#### Task item:
Search the data below for "region"; list each line that holds it.

#### Information:
————————
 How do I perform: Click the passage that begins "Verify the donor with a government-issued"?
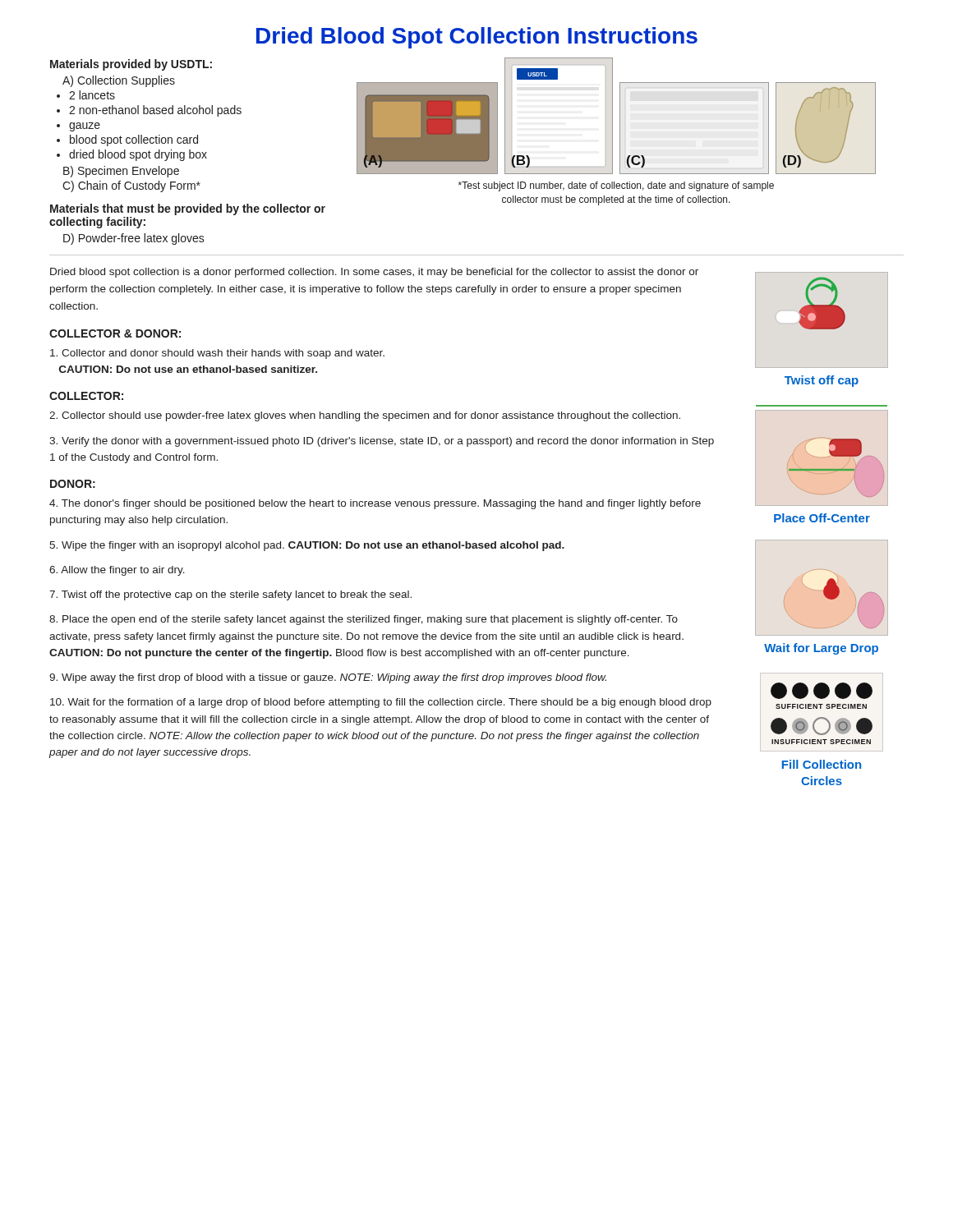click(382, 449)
————————
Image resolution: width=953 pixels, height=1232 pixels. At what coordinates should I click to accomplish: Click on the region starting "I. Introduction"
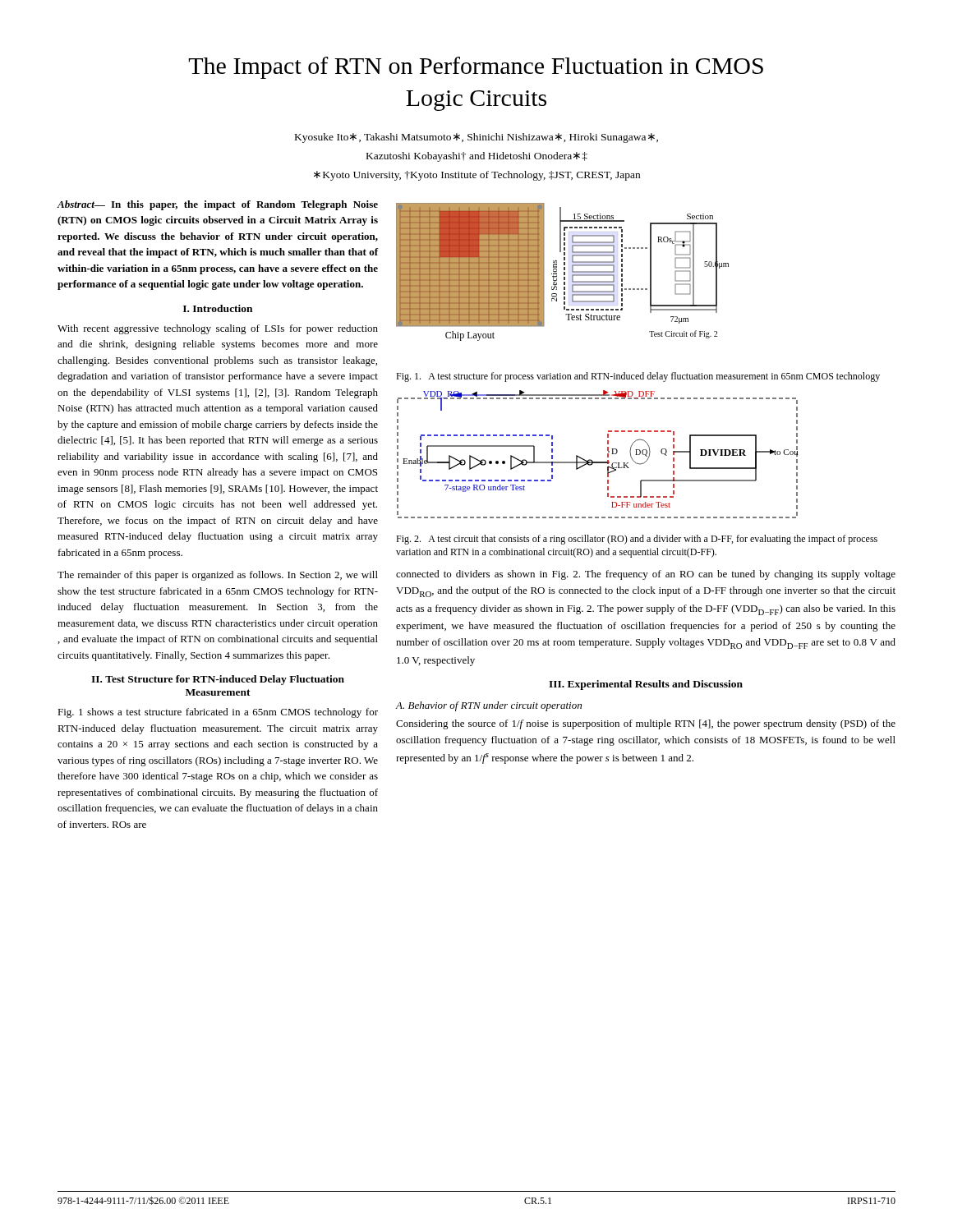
————————
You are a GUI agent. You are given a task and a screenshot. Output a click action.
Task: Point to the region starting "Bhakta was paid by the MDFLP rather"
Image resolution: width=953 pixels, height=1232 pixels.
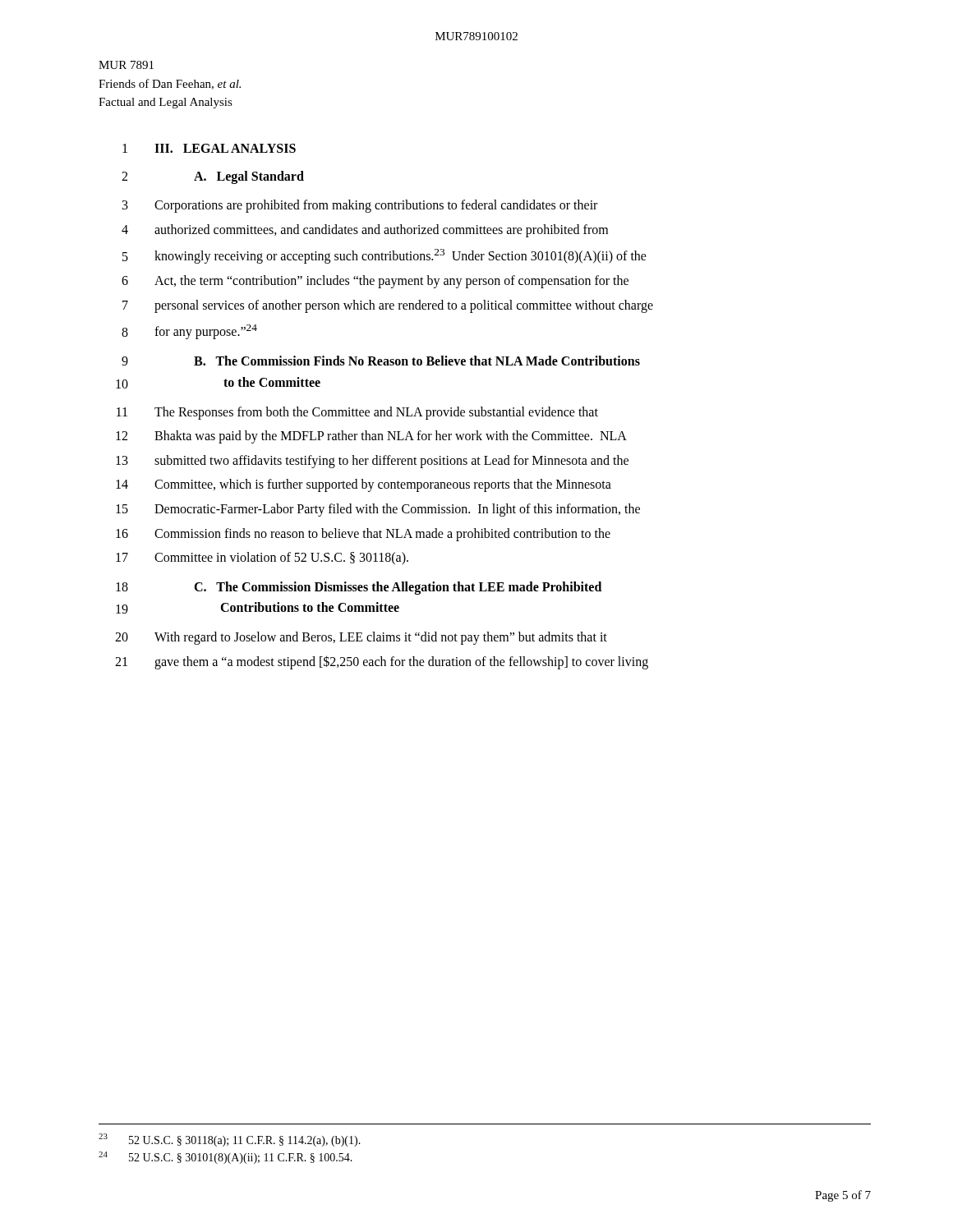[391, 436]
————————
#### Written solution:
Image resolution: width=953 pixels, height=1232 pixels. At what coordinates should I click to accomplish: Click on the region starting "I. Introduction"
Task: Point to the region starting "Bhakta was paid by the MDFLP rather"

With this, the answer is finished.